Scott Sharrard Coming To The Ludlow Garage On 8/24

scottsharrard18

Scott Sharrard
8/24/18
Ludlow Garage, 342 Ludlow Ave, Cincinnati, OH
8:30 pm show, Buy Tickets

“I know all about guitar players – I’ve seen the very best,” Gregg Allman once said about his longtime music director, Scott Sharrard. “He understands that you don’t need to play just for the sake of playing…he leaves plenty of room for everyone else to do their thing, but when it’s time to solo, Scott delivers, boy.”

Recorded during his time with the Hall of Famer, Grammy nominee Scott Sharrard’s latest album Saving Grace (September 21 / We Save Music), is distinctly Southern in spirit and blues at its core. Produced by Sharrard with Scott Bomar and Charles Martinez, the sessions took place in Memphis and at the historic FAME Studios in Muscle Shoals, Alabama.

Half the album features the Hi Rhythm Section (Howard Grimes, Reverend Charles Hodges and Leroy Hodges), and the other half with renowned Muscle Shoals musicians, David Hood, Spooner Oldham (‘The Swampers’) and Chad Gamble. The LP also includes Gregg Allman’s last-known original, “Everything a Good Man Needs,” a co-write with Sharrard, featuring Taj Mahal and Bernard Purdie on drums.

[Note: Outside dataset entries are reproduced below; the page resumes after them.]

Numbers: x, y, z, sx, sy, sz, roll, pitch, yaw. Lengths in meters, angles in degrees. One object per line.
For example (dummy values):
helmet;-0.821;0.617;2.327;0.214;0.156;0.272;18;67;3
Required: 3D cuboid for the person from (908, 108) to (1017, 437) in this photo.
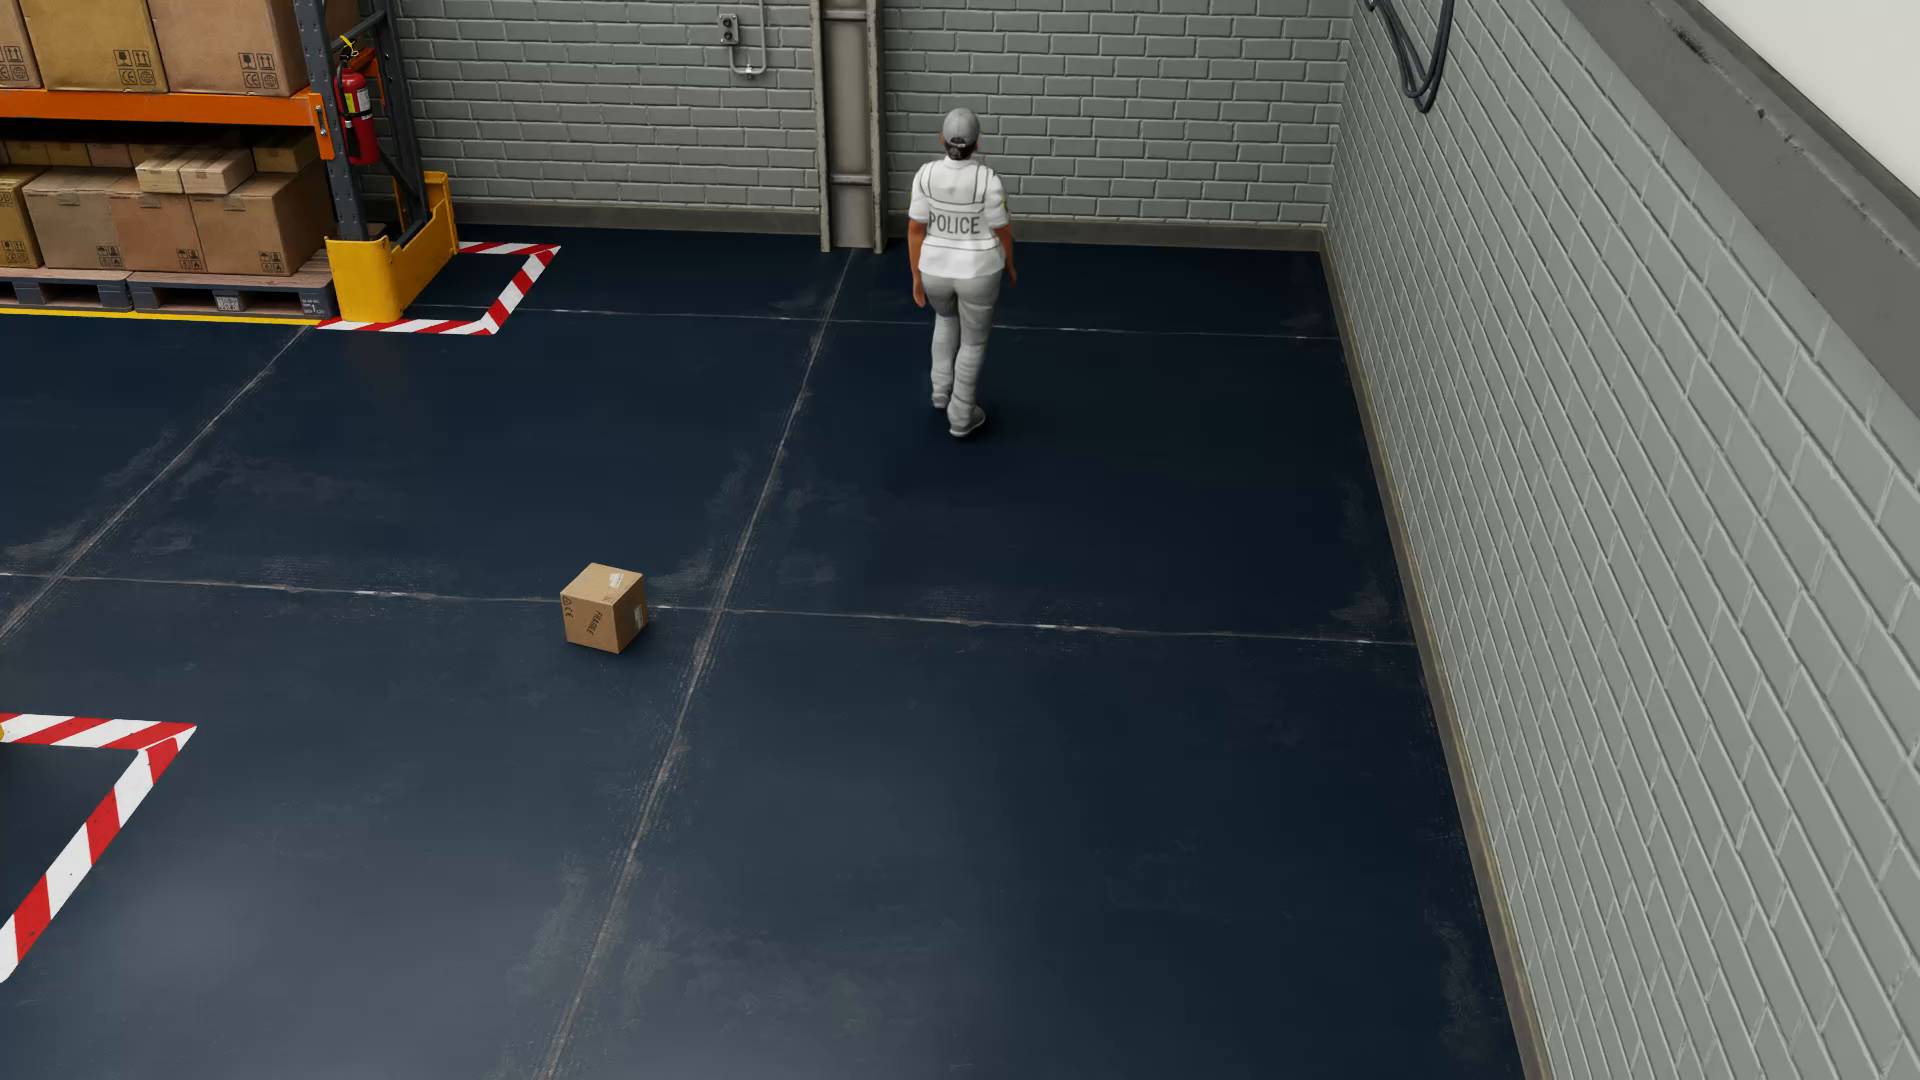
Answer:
person;0.024;-1.307;8.240;0.479;1.725;0.489;12;34;18

“These guys are legends and heroes of ours who have played on so many life-changing records,” Sharrard says. “This record was steeped in the best the South has to offer. We cut the rhythm section and lead vocals live on the floor, direct to tape. Old school. We let the songs and the band speak. We also had some of the best barbecue and soul food you could ever imagine, and a lot of laughs and good times with our heroes. How can you lose?”
Born on the day his hero Freddie King died, Sharrard’s travels to the heart of the American South began as a teenager in Milwaukee, surrounded by Mel Rhyne, Buddy Miles, Hubert Sumlin, Luther Allison and Clyde Stubblefield. “They were our local bar bands!” Scott remembers. “All those cats schooled me in different ways, backstage, on gigs and at jams.”

Sharrard was mentored by powerhouse ‘Chitlin’ Circuit’ singer and guitarist Willie Higgins, and a local, one-named legend, Stokes. Sharrard soon graduated to occasional dates in Chicago, learning alongside two fabled Muddy Waters sidemen, drummer Willie “Big Eyes” Smith and pianist Pinetop Perkins.
“I grew up on the music of the Allman Brothers,” says Sharrard. “I consider first hearing them to be the ‘Big Bang’ moment for me as a pre-teen. I’ve always been chasing what I like to call ‘real rock ‘n’ roll,’ a blend of blues, jazz, soul, country and folk – with the central goal being to create an original sound of your own. In that respect, working with Gregg just solidified everything I’ve believed since I was a kid.”

Allman covered Sharrard’s “Love Like Kerosene” on 2015’s Gregg Allman Live: Back to Macon, GA, and again on his final solo album, the posthumous, Grammy-nominated Southern Blood, featuring their Grammy-nominated, Best Americana Song co-write, “My Only True Friend.”

“Gregg had a pure passion and heart,” Sharrard says of his friend, “He always generously supported my songwriting and singing,” Even though we were a generation or two apart, we had somehow subscribed to the same school of rock ‘n’ roll song craft, rooted in the blues. Learning to protect the art and craft of being a musician and songwriter with him for a decade molded my own creative life in profound ways. His constant encouragement and support of my solo efforts throughout our time together also gives me the will to carry on the tradition and push the boundaries forward.”